In 1998, the Federal Reserve’s most recently published survey of reporting dealers in the United States estimated that foreign exchange turnover in the U.S. market was $351 billion a day, after adjustments for double counting. That total is an increase of 43% above the estimated turnover in 1995 and more than 60 times the turnover in 1977, the first year for which roughly comparable survey data are available.



In some ways, this estimate understates the growth and the present size of the U.S. foreign exchange market. The $351 billion estimated daily turnover covered only the three traditional instruments in the “over-the -counter” (OTC) market—spot, outright forwards, and foreign exchange (FX) swaps; it did not include over-thecounter currency options and currency swaps traded in the OTC market, which totaled about $32 billion a day in notional value (or face value) in 1998. Nor did it include the two products traded, not “over-the -counter,” but in organized exchanges— currency futures and exchange-traded currency options, for which the notional value of the turnover was perhaps $10billion per day!


The global foreign exchange market also has shown phenomenal growth.

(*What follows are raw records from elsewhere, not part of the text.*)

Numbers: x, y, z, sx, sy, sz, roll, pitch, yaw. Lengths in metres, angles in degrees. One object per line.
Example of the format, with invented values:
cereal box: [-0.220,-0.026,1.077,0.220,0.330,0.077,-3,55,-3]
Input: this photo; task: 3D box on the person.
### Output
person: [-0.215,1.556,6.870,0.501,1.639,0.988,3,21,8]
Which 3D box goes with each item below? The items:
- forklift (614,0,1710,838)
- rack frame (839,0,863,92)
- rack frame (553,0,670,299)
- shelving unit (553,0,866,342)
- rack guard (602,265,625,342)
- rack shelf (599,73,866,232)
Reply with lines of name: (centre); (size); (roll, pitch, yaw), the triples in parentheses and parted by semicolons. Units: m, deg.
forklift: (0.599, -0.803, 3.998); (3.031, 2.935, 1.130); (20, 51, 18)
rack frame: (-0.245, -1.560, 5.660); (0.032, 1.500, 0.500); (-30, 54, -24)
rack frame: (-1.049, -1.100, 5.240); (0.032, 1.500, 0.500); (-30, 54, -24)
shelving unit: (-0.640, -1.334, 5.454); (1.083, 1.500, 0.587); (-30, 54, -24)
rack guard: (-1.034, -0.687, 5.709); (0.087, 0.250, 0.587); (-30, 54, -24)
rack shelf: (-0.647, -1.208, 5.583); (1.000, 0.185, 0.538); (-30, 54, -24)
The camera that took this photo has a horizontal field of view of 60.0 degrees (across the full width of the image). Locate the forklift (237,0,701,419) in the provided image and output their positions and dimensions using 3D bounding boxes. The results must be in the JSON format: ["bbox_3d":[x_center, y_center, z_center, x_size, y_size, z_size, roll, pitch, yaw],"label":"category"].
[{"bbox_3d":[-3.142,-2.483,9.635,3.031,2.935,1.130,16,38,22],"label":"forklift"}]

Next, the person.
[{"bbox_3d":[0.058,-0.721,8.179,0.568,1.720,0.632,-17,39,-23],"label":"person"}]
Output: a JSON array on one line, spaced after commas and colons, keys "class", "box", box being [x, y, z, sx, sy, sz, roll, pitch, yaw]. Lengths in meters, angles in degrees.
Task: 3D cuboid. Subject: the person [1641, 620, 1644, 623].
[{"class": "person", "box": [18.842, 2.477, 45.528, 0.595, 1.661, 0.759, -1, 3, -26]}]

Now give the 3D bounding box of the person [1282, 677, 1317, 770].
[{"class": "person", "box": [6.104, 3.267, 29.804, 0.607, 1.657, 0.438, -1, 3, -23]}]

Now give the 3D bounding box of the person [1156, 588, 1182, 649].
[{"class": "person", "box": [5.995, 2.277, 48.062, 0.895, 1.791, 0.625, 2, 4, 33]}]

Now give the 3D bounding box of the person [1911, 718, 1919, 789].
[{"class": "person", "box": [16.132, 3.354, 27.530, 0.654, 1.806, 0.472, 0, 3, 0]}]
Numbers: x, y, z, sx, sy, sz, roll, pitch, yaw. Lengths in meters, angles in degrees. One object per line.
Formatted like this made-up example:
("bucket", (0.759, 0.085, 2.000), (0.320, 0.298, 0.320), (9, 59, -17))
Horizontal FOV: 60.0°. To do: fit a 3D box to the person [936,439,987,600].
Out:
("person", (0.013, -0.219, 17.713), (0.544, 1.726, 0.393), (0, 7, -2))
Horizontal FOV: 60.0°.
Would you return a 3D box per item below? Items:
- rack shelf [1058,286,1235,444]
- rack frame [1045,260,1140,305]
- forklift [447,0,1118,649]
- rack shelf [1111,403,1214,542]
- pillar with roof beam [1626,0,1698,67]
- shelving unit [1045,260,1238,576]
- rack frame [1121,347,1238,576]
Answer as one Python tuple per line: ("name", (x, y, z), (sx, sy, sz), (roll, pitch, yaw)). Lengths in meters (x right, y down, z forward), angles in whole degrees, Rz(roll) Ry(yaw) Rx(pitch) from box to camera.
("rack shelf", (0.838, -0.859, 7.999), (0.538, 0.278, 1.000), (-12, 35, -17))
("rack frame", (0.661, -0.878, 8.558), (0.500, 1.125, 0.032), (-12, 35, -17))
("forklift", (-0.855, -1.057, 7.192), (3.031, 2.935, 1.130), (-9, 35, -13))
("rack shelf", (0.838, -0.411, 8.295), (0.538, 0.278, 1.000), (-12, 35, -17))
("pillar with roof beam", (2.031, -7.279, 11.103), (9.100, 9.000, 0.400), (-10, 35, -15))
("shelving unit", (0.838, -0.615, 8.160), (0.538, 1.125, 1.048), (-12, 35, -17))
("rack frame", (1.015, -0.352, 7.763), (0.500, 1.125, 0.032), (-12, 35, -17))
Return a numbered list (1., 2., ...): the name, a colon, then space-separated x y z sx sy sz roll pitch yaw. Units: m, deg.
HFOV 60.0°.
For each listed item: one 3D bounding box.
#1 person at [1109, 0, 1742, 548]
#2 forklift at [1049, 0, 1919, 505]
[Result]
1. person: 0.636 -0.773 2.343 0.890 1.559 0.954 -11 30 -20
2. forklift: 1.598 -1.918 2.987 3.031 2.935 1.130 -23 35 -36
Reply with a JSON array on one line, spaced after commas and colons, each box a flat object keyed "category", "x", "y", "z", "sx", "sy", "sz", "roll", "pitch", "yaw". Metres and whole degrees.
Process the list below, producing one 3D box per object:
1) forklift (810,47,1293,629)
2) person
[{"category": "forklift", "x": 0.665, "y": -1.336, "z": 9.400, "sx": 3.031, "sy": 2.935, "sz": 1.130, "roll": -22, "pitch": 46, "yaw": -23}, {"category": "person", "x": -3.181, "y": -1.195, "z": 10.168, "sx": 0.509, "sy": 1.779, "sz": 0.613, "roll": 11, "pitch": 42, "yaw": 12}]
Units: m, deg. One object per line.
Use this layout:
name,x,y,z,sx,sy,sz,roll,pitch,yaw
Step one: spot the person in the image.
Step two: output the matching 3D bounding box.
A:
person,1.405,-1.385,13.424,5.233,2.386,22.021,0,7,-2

In 1998, in a survey under the auspices of the Bank for International Settlements (BIS), global turnover of reporting dealers was estimated at about $1.49 trillion per day for the traditional products, plus an additional $97 billion for over-the-counter currency options and currency swaps, and a further $12 billion for currency instruments traded on the organized exchanges. In the traditional products, global foreign exchange turnover, measured in current exchange rates, increased by more than 80 percent between 1992 and 1998.


The expansion in foreign exchange turnover, in the United States and globally, reflects the continuing growth of international trade and the prodigious expansion in global finance and investment during recent years. With respect to trade, the dollar value of United States international transactions in goods and services—the sum of exports and imports— tripled between 1980 and 1995 to around 15 times its 1970 level. International trade in the global economy also has expanded at a rapid pace.World merchandise trade is now more than 2½ times its 1980 level



But international trade cannot account for the huge increase in the U.S. foreign exchange turnover over the past twenty-five years. The enormous expansion of international capital transactions, both here and abroad, has been a dominant force. U.S. international capital inflows, including sales of U.S. bonds and equities to foreigners, acquisition of U.S. factories by foreigners, and bank deposit inflows, have averaged more than $180 billion per year since the mid-80s.


Large and persistent external trade and payments deficits in the United States and corresponding surpluses abroad have contributed to the growth in financing. Through much of the period since 1983, the United States has recorded trade deficits in the range of $100-$200 billion per year, while Japan and, to a lesser extent, Germany have registered substantial trade surpluses. In contrast, all three countries experienced only modest trade deficits or surpluses through the 1960s and early 1970s.


The internationalization of financial activity has increased rapidly.Cross-border bank claims are now nearly five times the level of 15 years ago; as a percentage of the combined GDP of the OECD countries, these claims have risen from about 25 percent in 1980 to about 42 percent in 1995.During that same period, crossborder securities transactions in the three largest economies—United States, Japan, and Germany—expanded from less than 10 percent of GDP to around 70 percent of GDP in Japan and to well above 100 percent of GDP in Germany and the United States . Annual issuance of international bonds has more than quadrupled during the past ten years . Between 1988 and 1993, securities settlements through Euroclear and Cedel—the two main Euro market clearing houses— increased six-fold.


All of this provided fertile ground for growth in foreign exchange trading.